Records from a dataset:
BEGIN
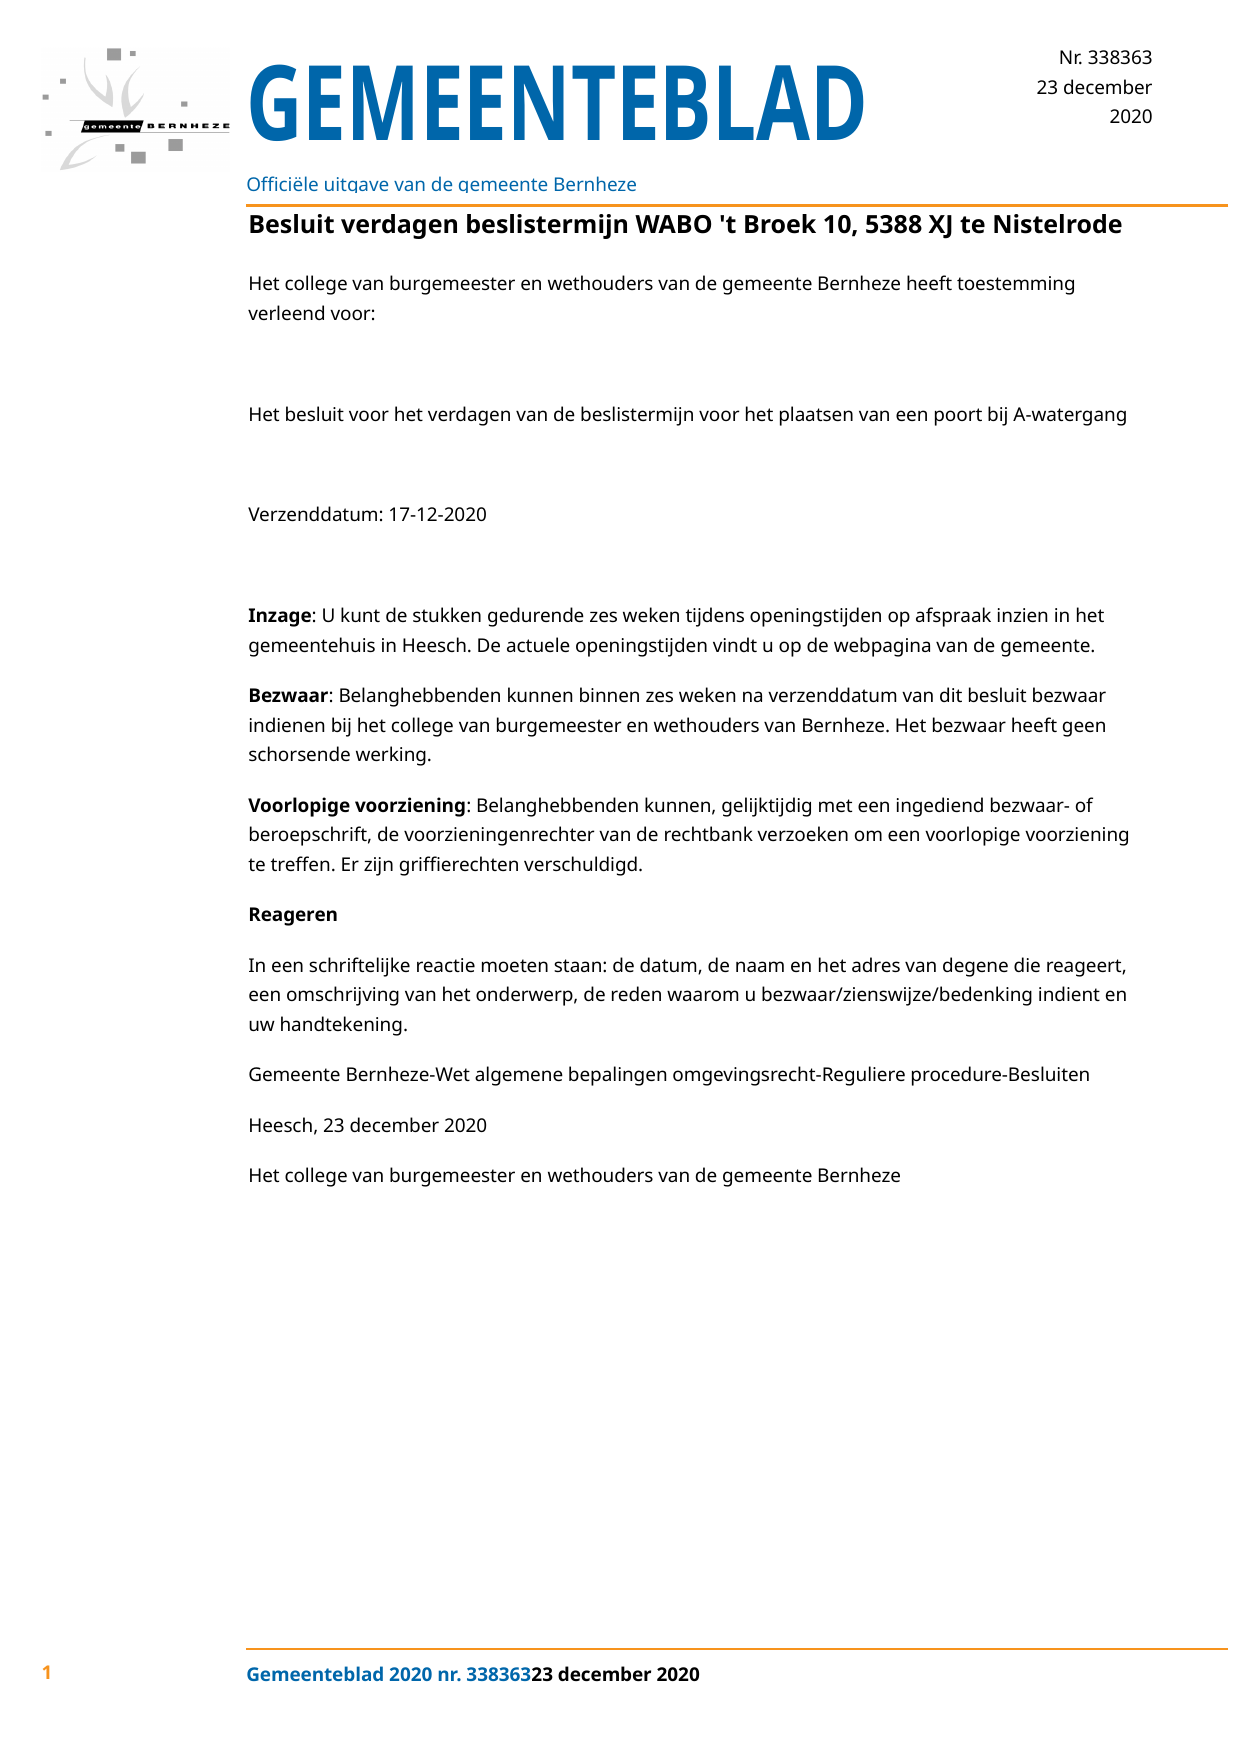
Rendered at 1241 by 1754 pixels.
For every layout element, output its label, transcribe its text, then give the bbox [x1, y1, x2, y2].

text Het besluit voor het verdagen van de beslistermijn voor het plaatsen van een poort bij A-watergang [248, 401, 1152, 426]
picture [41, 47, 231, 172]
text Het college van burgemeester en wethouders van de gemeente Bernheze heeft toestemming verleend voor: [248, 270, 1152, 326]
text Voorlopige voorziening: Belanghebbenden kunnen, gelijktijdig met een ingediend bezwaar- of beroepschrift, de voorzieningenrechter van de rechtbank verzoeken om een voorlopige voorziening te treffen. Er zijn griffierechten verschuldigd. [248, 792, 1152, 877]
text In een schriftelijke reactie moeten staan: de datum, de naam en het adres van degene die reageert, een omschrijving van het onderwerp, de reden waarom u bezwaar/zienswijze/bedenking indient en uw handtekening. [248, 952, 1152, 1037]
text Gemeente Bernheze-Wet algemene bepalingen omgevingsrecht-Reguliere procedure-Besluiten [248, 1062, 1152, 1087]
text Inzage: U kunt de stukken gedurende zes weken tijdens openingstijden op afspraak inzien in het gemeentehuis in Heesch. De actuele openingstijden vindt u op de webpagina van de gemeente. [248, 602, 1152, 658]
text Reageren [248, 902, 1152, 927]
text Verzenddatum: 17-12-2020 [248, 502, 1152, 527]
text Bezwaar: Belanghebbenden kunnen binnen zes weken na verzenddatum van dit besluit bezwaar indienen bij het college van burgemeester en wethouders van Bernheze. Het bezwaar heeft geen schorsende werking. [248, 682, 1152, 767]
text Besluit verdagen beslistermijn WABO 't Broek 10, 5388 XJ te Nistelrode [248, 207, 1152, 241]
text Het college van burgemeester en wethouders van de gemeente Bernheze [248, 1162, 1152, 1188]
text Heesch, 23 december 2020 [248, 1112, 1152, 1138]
END
▶ What you will do: Starting at the line with "text Reageren [248, 902, 1152, 927]", copy every line up to and including the last one in the entries above.

▶ Task response:
text Reageren [248, 902, 1152, 927]
text Verzenddatum: 17-12-2020 [248, 502, 1152, 527]
text Bezwaar: Belanghebbenden kunnen binnen zes weken na verzenddatum van dit besluit bezwaar indienen bij het college van burgemeester en wethouders van Bernheze. Het bezwaar heeft geen schorsende werking. [248, 682, 1152, 767]
text Besluit verdagen beslistermijn WABO 't Broek 10, 5388 XJ te Nistelrode [248, 207, 1152, 241]
text Het college van burgemeester en wethouders van de gemeente Bernheze [248, 1162, 1152, 1188]
text Heesch, 23 december 2020 [248, 1112, 1152, 1138]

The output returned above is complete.